Elon Musk: “I think ultimately we’ll have to have some kind of universal basic income (...)There will be fewer and fewer jobs that a robot cannot do better. (...) if my assessment is correct (...) then we need to say what are we going to do about it. And I think some kind of universal basic income is going to be necessary.”
We should welcome the public discussion on UBI as well as the various small-scale trials of it, particularly in anticipation of a machine economy. However, in relative terms, there is too much focus on plans to publicly distribute money to everyone. Spending money is the easy part. The hard part is designing income streams that scale in lockstep with the machine economy and can finance a rising demand for social security.

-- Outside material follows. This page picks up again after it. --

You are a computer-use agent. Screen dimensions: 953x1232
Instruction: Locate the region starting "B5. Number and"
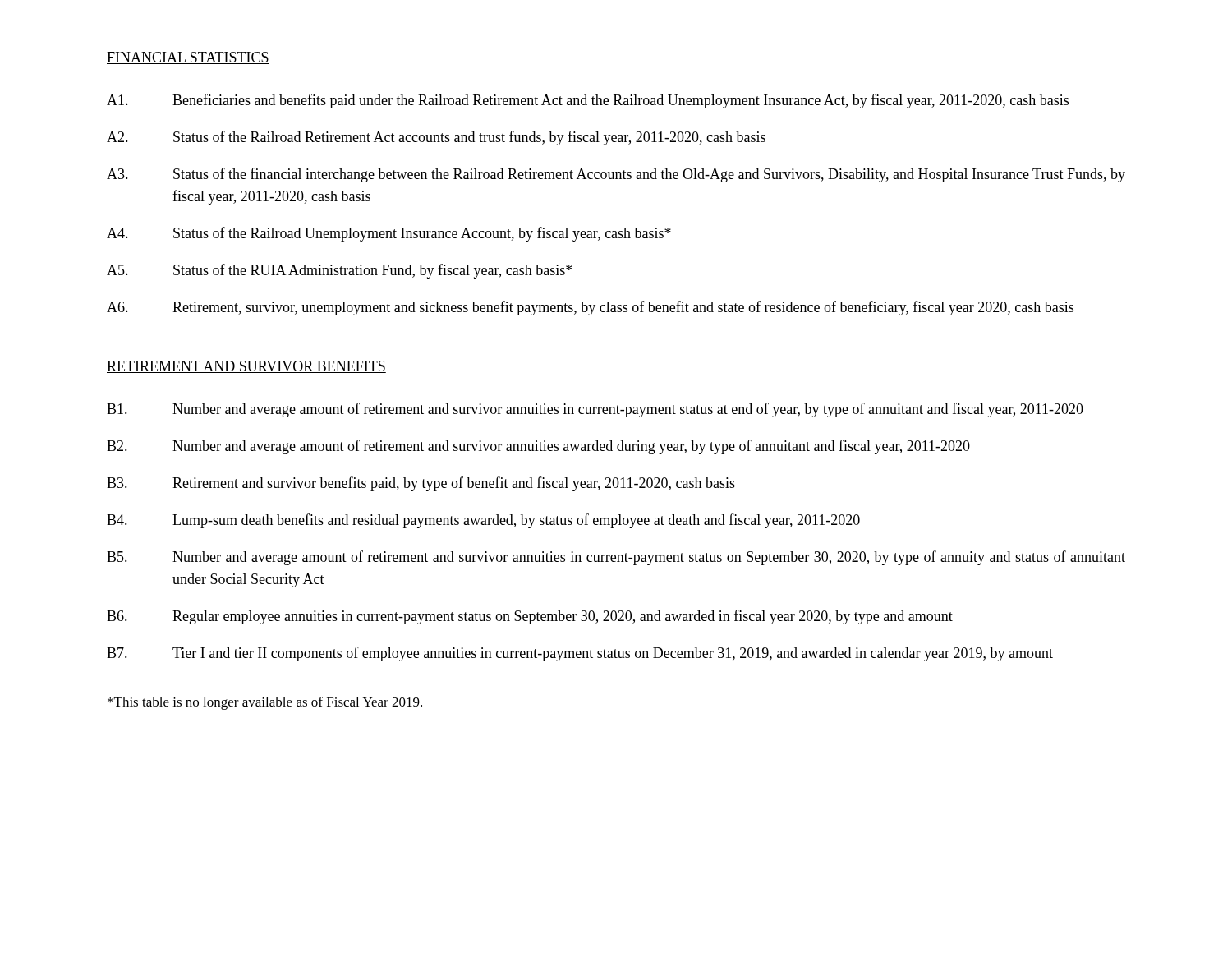point(616,569)

My argument is not that UBI cannot or should not be part of the policy tools to address long-term technological unemployment. My argument is that a UBI to address long-term technological unemployment is more expensive than current UBI proposals and that it is not a sustainable solution to finance an insurance against widespread loss of labor income by taxing labor income:
A post-labor UBI is expensive because it would not merely supplement labor income, but fully replace it. Additionally, the more affordable alternative of a guaranteed minimum income would approach the cost of a regular UBI in a post-labor scenario.
To explore the challenge of financing a UBI in a scenario of large-scale technological unemployment we will examine the case study of Switzerland. In 2016 Swiss voters were offered 2’500 CHF (2’950 USD) every month - no questions asked. Would you take this deal? Well, 77% of Swiss voters rejected it. If you read until the end you will see why this was the right choice—at least based on the argument that it’s an insurance against technological unemployment.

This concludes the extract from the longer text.